A second strand of inquiry has developed in the slipstream of the monumental work by economic historian Alfred Chandler Jr. (The Visible Hand) who placed the birth of computers and software in the flux of larger developments like industrialization (and particularly the emergence of the large scale enterprise in the late 19th century), bureaucratization, (systems) management, and the general history of modern capitalism. The books by James Beniger (The Control Revolution), JoAnne Yates (Control through Communication and more recently Structuring the Information Age), James W. Cortada (most notably The Digital Hand in three Volumes), and others deepened the economic perspective while Paul N. Edwards’ Closed World or Jon Agar’s The Government Machine look more closely at the entanglements between computers and government (bureaucracy). While these works supply a much needed corrective to the heroic accounts mentioned above, they rarely go beyond the 1960s and do not aim at understanding the specifics of computer technology and software beyond their capacity to increase efficiency and control in information-rich settings (I have not yet read Martin Campell-Kelly’s From Airline Reservations to Sonic the Hedgehog, the title is a downer but I’m really curious about the book).

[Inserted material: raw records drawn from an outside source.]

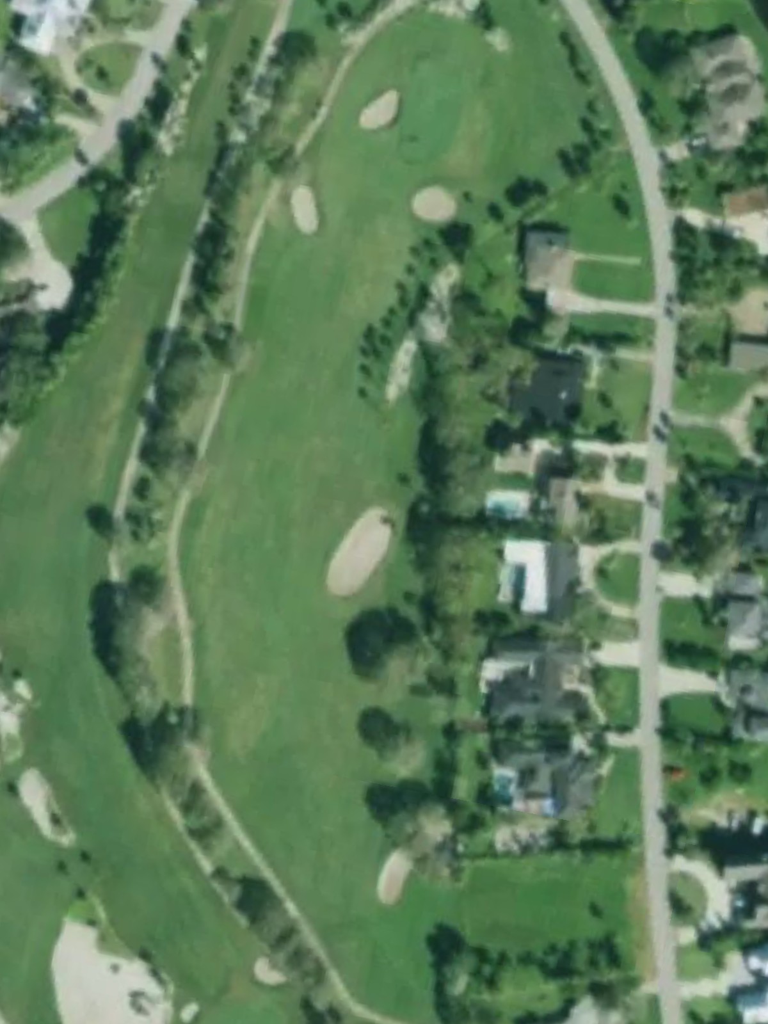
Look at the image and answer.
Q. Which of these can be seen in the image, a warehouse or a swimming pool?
swimming pool
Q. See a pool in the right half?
Yes
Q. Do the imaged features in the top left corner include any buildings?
Yes
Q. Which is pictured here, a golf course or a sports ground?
golf course
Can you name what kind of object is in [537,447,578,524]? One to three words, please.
house
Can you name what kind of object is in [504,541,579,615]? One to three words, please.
house
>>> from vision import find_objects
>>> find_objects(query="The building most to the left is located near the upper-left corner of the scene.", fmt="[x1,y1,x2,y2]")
[0,59,34,119]
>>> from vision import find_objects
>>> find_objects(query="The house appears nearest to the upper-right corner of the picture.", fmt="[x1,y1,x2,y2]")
[700,34,767,150]
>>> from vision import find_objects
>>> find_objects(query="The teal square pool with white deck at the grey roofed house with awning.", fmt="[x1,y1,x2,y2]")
[494,769,516,808]
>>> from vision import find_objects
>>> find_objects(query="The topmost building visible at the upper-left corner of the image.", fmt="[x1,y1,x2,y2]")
[11,0,92,53]
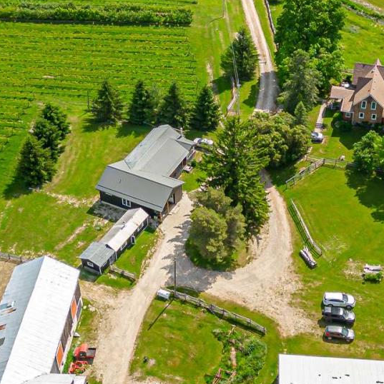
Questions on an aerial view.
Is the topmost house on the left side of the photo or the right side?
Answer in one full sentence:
The topmost house is on the right side of the image.
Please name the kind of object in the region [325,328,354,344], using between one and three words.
car
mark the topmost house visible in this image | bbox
[329,51,384,131]

Lev Manovich’s Language of New Media is perhaps the most visible work of a third “school”, where computers (equipped with GUIs) are seen as media born from cinema and other analogue technologies of representation (remember Computers as Theatre?). Clustering around an illustrious theoretical neighborhood populated by McLuhan, Metz, Barthes, and many others, these works used to dominate the “XY studies” landscape of the 90s and early 00s before all the excitement went to Web 2.0, participation, amateur culture, and so on. This last group could be seen as a fourth strand but people like Clay Shirky and Yochai Benkler focus so strongly on discontinuity that the question of historical filiation is simply not relevant to their intellectual project. History is there to be baffled by both present and future.
This list could go on, but I do not want to simply inventory work on computers and software but to make the following point: there is a pronounced difference between the questions “What is software?” and “What is today’s software?”. While the first one is relevant to computational theory, software engineering, analytical philosophy, and (curiously) cognitive science, there is no direct line from universal Turing machines to our particular landscape with the millions of specific programs written every year. Digital technology is so ubiquitous that the history of computing is caught up with nearly every aspect of the development of western societies over the last 150 years. Bureaucratization, mass-communication, globalization, artistic avant-garde movements, transformations in the organization of labor, expert movements in public administrations, big science, library classifications, the emergence of statistics, minority struggles, two world wars and too many smaller conflicts to count, accounting procedures, stock markets and the financial crisis, politics from fascism to participatory democracy,… – all of these elements can be examined in connection with computing, shaping the tools and being shaped by them in return. I am starting to believe that for the humanities scholar or the social scientist the question “What is software?” is only slightly less daunting than “What is culture?” or “What is society?”. One thing seems sure: we can no longer pretend to answer the latter two questions without bumping into the first one. The problem for the author, then, becomes to choose the relevant strands, to untangle the mess.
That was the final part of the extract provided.